--- START ---

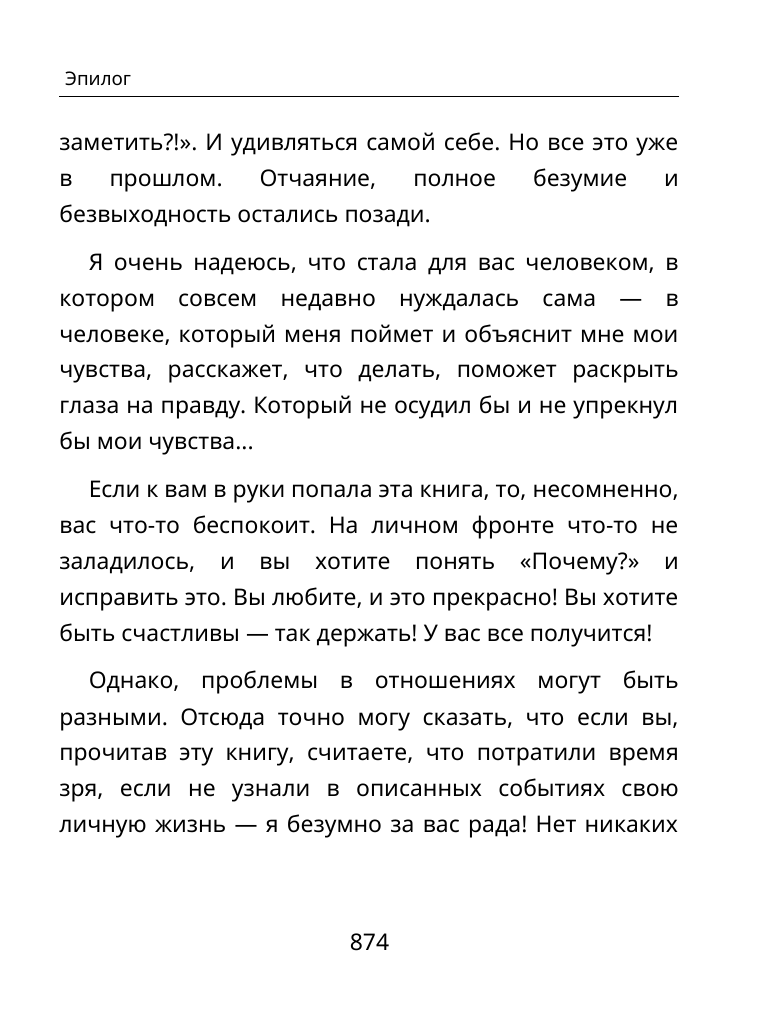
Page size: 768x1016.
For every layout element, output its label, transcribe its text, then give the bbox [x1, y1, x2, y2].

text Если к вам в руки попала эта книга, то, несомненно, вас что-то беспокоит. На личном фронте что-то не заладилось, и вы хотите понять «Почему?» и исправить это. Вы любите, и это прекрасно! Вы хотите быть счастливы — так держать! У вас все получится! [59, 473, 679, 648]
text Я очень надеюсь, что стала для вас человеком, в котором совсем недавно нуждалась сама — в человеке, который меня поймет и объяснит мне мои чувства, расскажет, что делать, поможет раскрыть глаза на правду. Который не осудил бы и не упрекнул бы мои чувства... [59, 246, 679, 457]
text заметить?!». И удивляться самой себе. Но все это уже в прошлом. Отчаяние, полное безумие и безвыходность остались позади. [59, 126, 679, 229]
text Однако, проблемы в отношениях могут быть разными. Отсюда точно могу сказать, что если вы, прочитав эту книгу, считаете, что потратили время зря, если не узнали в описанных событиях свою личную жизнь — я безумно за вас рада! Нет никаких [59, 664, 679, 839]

--- END ---
--- START ---

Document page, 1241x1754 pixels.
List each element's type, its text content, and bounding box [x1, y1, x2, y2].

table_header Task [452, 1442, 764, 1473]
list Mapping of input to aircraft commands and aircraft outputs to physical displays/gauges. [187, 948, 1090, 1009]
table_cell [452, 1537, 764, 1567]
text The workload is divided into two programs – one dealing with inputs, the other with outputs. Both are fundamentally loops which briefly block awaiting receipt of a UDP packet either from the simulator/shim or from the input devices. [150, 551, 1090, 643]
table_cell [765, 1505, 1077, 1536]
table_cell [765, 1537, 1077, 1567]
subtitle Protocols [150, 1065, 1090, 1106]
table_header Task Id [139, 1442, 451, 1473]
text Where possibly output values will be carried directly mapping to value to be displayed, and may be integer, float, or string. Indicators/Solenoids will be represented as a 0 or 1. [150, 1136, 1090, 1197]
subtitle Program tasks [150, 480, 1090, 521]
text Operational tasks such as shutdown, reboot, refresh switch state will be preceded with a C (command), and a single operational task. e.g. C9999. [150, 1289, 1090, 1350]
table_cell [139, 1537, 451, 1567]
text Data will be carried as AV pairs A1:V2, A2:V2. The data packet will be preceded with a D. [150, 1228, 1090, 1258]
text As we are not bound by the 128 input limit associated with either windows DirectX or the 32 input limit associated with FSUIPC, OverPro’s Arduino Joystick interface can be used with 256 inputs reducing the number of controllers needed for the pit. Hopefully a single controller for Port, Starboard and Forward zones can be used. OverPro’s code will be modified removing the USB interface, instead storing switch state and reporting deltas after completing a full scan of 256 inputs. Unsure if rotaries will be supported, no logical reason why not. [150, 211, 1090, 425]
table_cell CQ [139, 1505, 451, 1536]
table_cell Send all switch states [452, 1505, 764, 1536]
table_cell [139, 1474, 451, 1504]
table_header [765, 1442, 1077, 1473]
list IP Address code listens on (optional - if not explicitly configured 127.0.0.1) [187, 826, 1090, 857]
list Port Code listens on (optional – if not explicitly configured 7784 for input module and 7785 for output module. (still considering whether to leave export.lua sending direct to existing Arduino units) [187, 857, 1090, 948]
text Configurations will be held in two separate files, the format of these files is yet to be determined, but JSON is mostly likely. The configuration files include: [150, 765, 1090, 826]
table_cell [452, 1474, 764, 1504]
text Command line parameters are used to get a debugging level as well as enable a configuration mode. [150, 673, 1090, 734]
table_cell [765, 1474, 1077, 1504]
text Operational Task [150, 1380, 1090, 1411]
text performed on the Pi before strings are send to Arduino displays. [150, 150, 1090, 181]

--- END ---
--- START ---

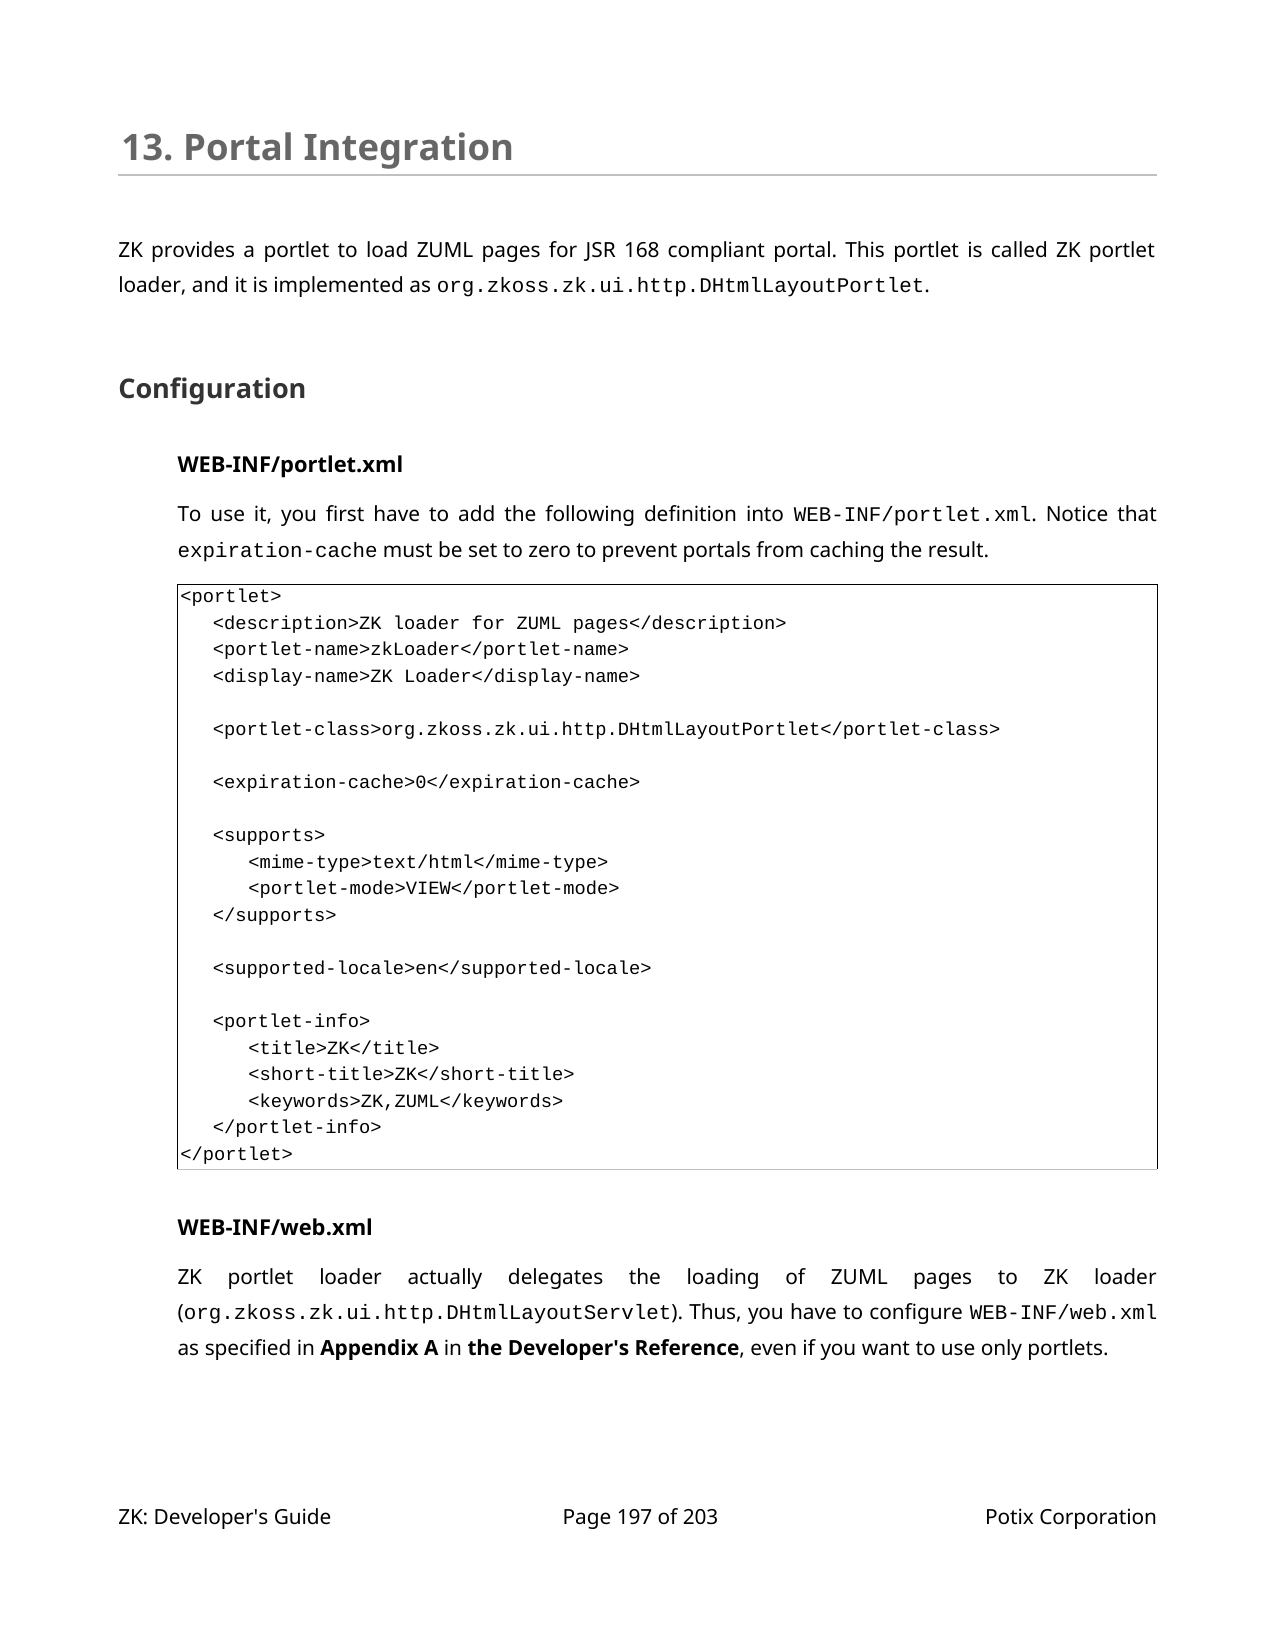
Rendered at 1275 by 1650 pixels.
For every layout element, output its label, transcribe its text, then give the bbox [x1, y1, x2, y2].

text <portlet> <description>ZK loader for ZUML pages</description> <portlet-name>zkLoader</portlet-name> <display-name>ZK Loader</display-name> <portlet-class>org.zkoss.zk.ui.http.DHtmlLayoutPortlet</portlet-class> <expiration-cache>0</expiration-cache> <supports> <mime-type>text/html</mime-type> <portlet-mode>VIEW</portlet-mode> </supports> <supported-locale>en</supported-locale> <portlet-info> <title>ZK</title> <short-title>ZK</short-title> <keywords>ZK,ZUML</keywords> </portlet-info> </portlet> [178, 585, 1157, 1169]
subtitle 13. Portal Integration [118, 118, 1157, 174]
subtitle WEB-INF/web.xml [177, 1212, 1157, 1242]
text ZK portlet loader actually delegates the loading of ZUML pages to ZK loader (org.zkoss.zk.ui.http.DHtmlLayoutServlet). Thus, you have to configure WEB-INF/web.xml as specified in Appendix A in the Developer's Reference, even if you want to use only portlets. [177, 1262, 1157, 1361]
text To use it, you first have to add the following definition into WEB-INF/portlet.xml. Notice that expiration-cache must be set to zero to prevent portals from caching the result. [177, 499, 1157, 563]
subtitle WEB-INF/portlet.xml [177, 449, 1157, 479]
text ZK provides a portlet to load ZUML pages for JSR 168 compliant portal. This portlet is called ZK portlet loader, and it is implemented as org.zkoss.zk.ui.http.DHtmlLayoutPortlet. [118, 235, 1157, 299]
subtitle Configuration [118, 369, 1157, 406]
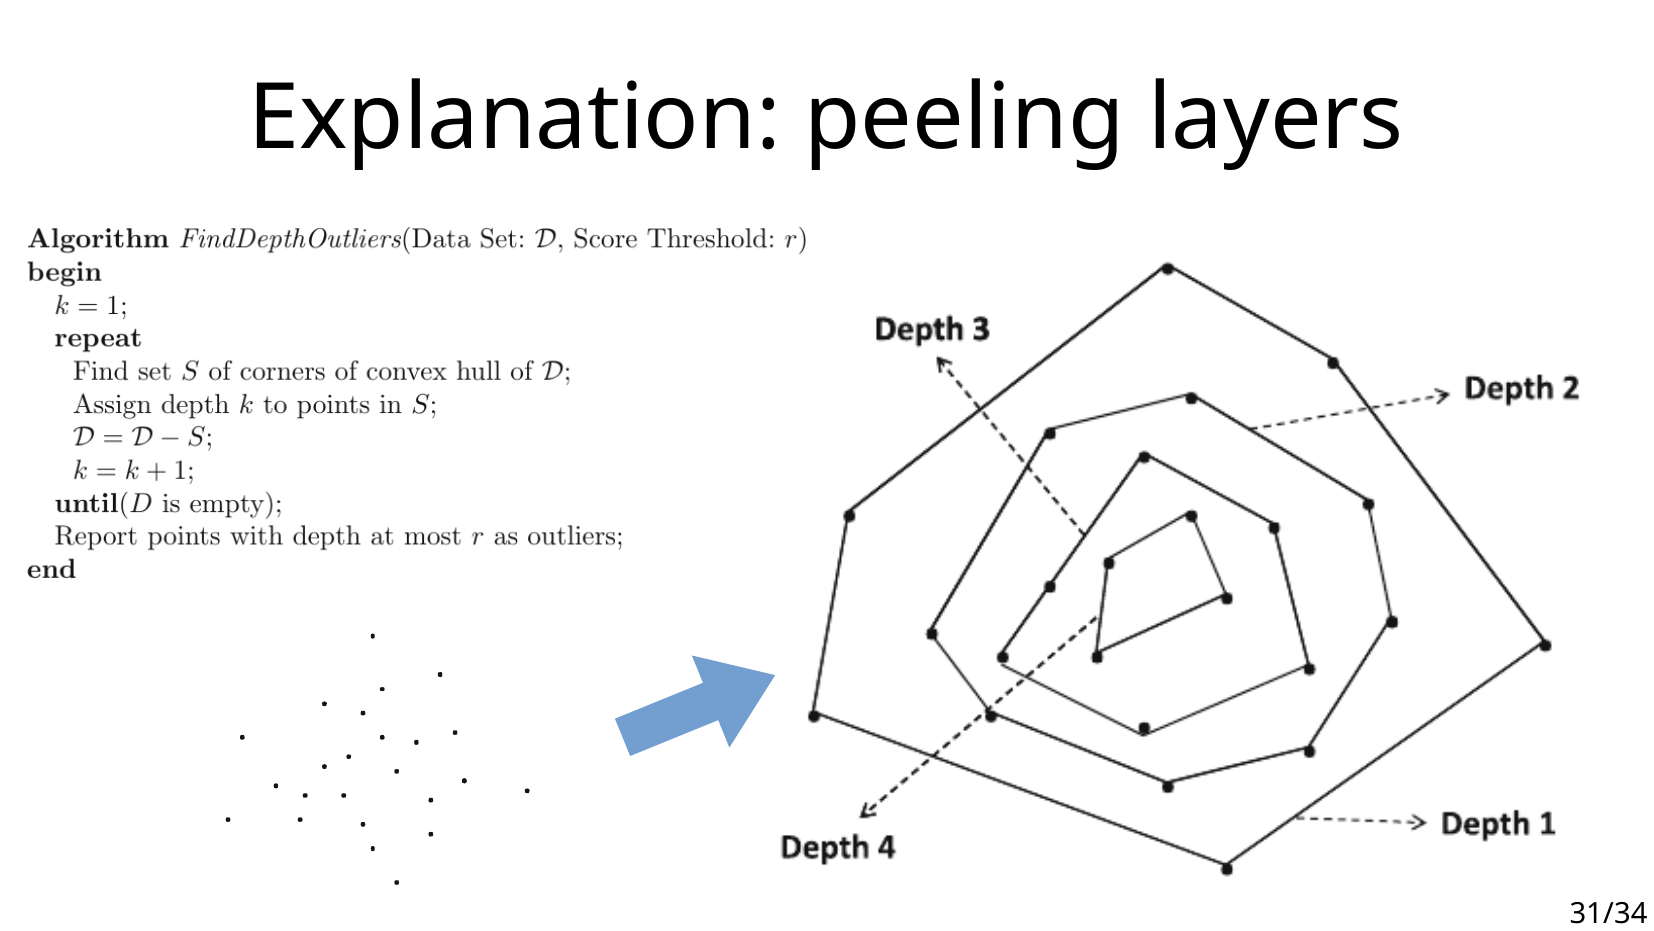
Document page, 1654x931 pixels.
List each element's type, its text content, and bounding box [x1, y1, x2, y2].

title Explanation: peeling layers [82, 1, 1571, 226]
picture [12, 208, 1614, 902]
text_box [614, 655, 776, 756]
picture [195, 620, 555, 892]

--- END ---

_What the exercise asks_: Say how many lines in the entries contain the string "Document", and leave out everything else.

_Answer section_: 2